You are having a vicious, perfectly articulated argument with a colleague about an email sent three days ago. You are anticipating a political debate with a relative who isn't even in the room. You are rehearsing your defense for a failure that hasn't happened yet. You are hauling a phantom down a muddy road, groaning under the weight, entirely blind to the actual landscape you are moving through.
We live in an era of unprecedented physical comfort paired with staggering psychological load. We have outsourced our manual labor to machines, but we have compensated by turning our minds into beasts of burden. We drag our pasts behind us like heavy anchors, and we push our anxieties ahead of us like plows. The present moment is reduced to a narrow, stressful corridor we must squeeze through while carrying the accumulated baggage of our grudges, regrets, and hypothetical catastrophes.
The tragedy of Ekido is not just that he is angry. The tragedy is what his anger costs him. For hours, he walks through a rain-washed countryside. The air is sharp and clean. The trees are vibrant. He has the rare privilege of a long walk with a friend. But he experiences none of it. He is entirely trapped in the cramped, suffocating theater of his own resentment. The phantom obscures the real world.
We often mistake this psychic labor for moral seriousness. Ekido genuinely believed that by agonizing over the broken rule, he was upholding the dignity of his monastic vows. We do the exact same thing. We believe that if we stop stewing over an injustice, we are somehow endorsing it. We convince ourselves that rumination is a form of vigilance, that by playing the worst-case scenario over and over in our heads, we are protecting ourselves from it. We mistake the exhaustion of worry for the work of living.
But look at Tanzan. The genius of Tanzan is not that he is detached or uncaring. The modern mindfulness industry frequently attempts to sell us a fantasy of a frictionless life—a Teflon mind where nothing sticks, where we float serenely above the messy realities of human need. That is not Zen. Tanzan does not ignore the woman in the mud. He does not offer her a peaceful, detached smile and walk past her.
Tanzan gets his hands dirty. He feels the weight of another human being. He engages intimately and completely with the reality of the situation in front of him. But—and this is the crux of the matter—when the crossing is over, he is done. When it is time to lift, he lifts. When it is time to drop, he drops.
His freedom does not come from avoiding the world; it comes from his refusal to carry a moment one step past its actual lifespan.

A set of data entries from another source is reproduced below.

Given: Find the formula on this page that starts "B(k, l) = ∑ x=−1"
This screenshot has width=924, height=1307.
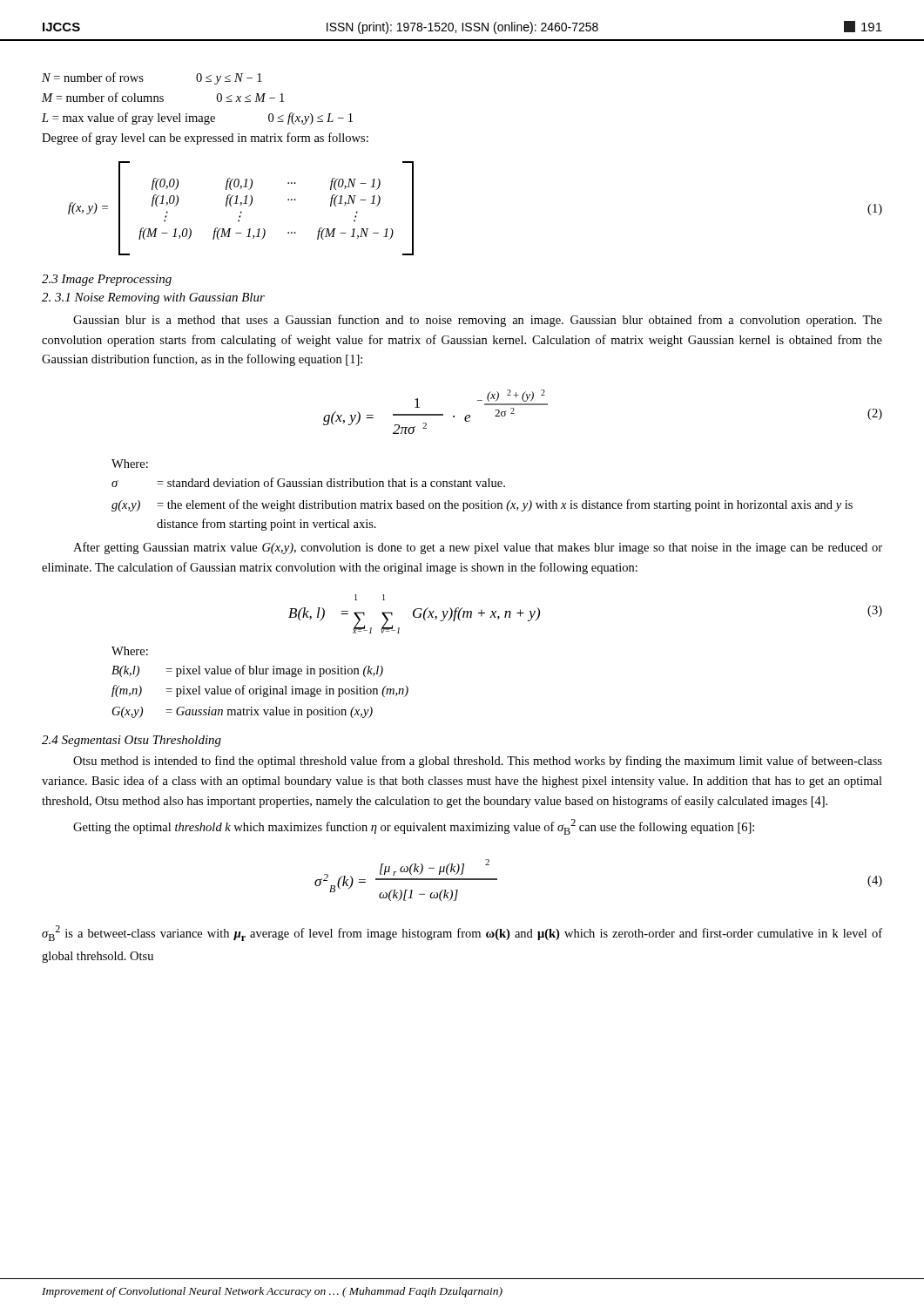Looking at the screenshot, I should [462, 610].
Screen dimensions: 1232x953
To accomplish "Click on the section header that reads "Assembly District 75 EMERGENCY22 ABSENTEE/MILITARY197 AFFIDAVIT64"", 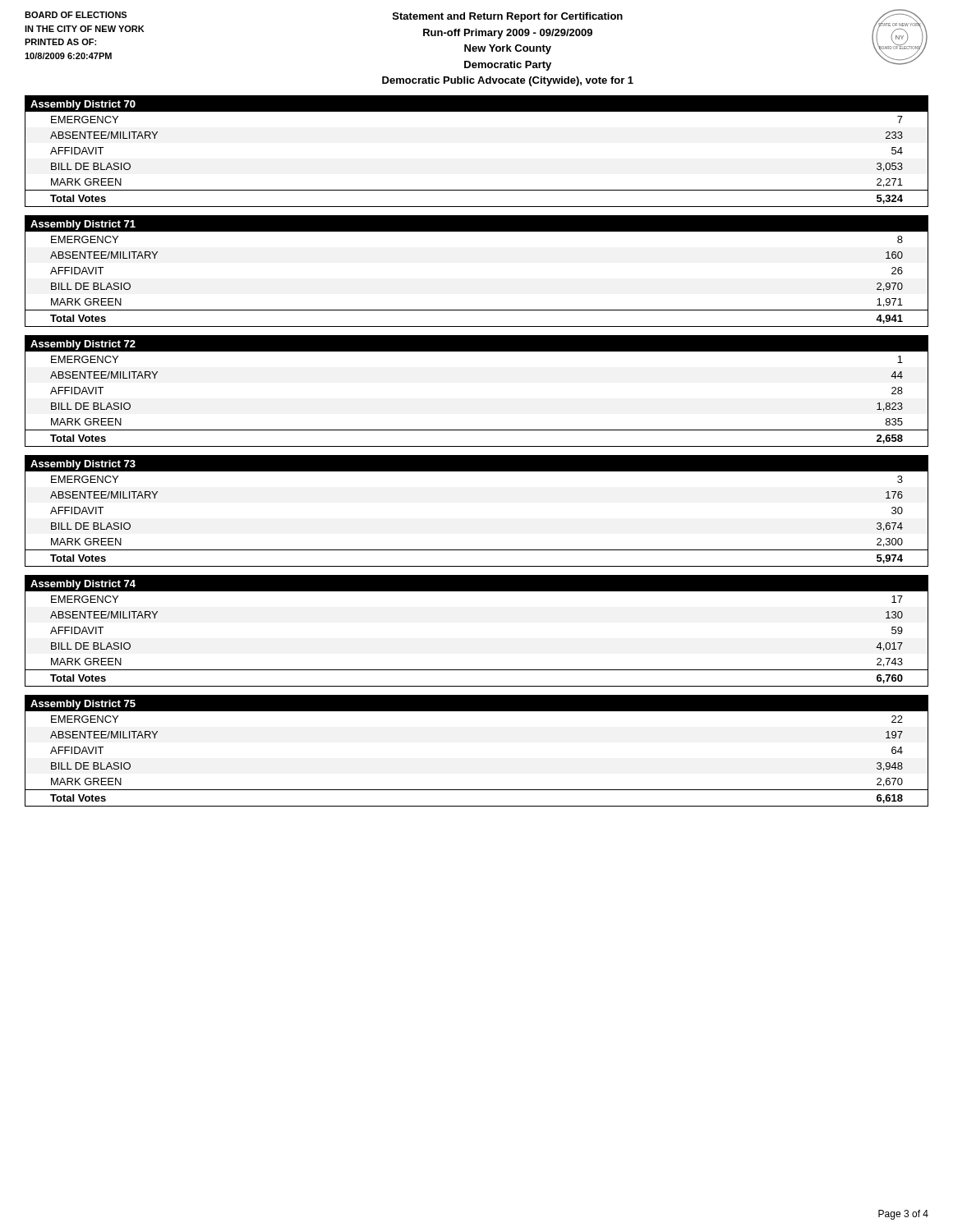I will 476,750.
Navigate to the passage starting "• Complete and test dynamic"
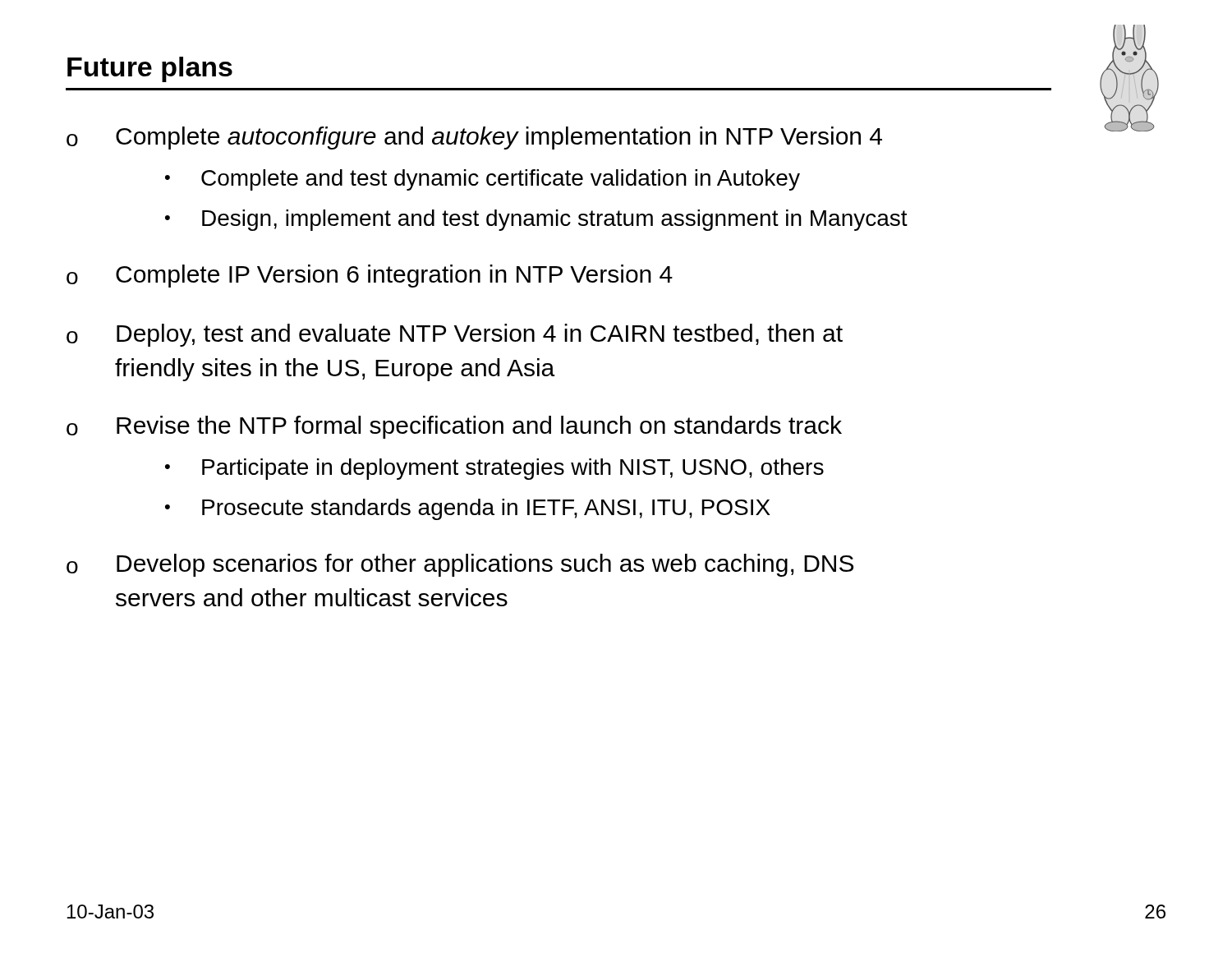 tap(665, 178)
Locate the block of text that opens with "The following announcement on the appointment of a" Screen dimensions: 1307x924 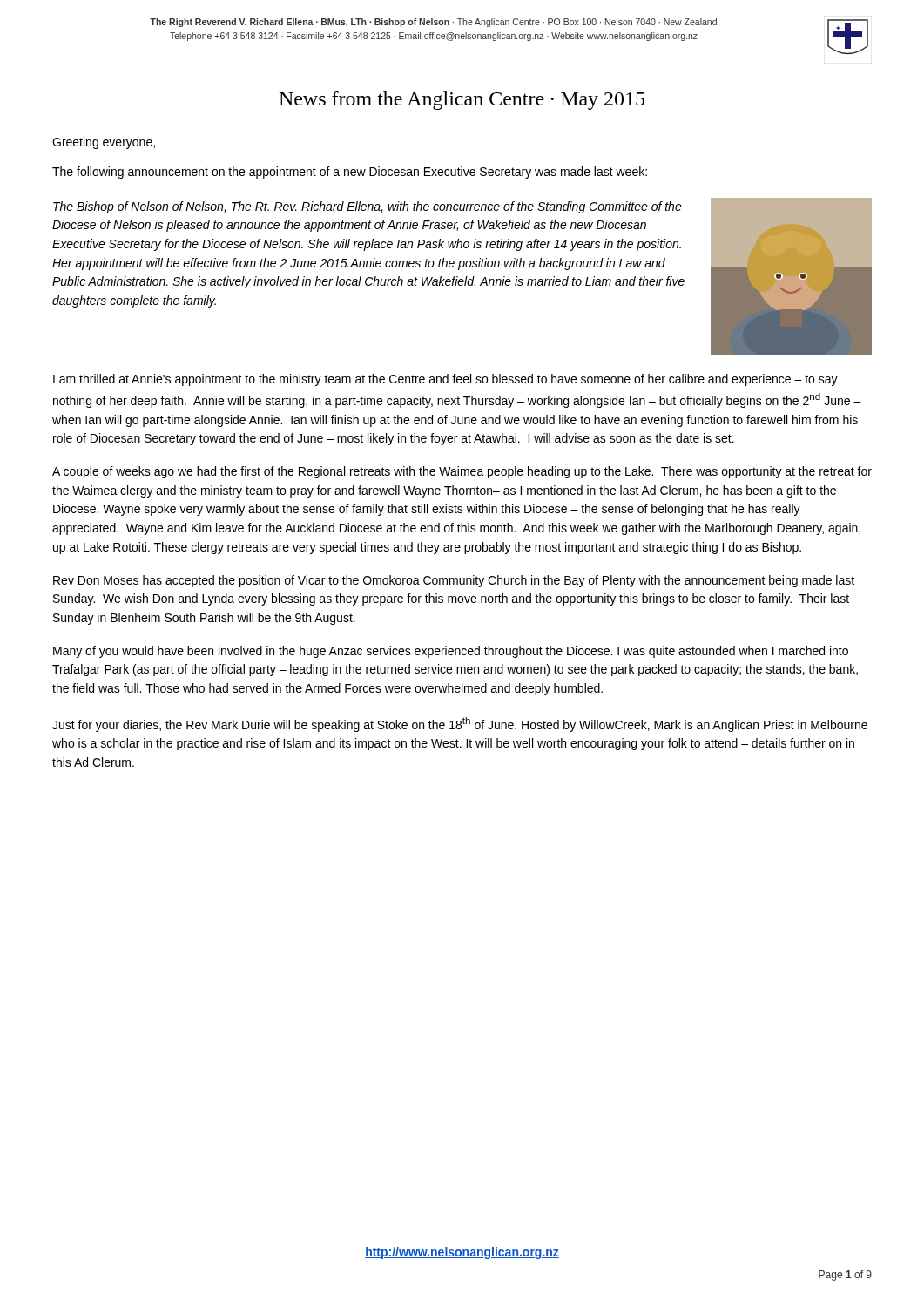point(350,172)

Ekido, on the other hand, tries to remain pure. He refuses to touch the woman physically. But by abstaining from the physical reality of the moment, he forces the burden entirely into his mind. Because he would not carry her in his arms, he had to carry her in his head. How often do we avoid the difficult, direct action in reality—the awkward apology, the necessary confrontation, the actual sending of the dreaded email—only to end up carrying the ghost of that inaction around with us for weeks?
To put the ghost down is not a matter of suppressing the thought. When you catch yourself arguing with a phantom in the shower, telling yourself to "stop thinking" is like trying to flatten a wave with an ironing board. It only creates more turbulence.
The exit strategy is not to fight the ghost, but to return to the physical coordinates of your own life. The ghost only has weight because you are lending it your gravity. You put the phantom down simply by realizing where your feet actually are. You feel the hot water on your shoulders. You smell the raw onion on the cutting board. You notice the grip of your hands on the steering wheel.
You look around the empty room, and you acknowledge the profound, liberating truth: the meeting is over. The email is sent. The argument ended three days ago. The road ahead is open, and there is no one here but you.
The girl was left at the river. It is finally time to let her go.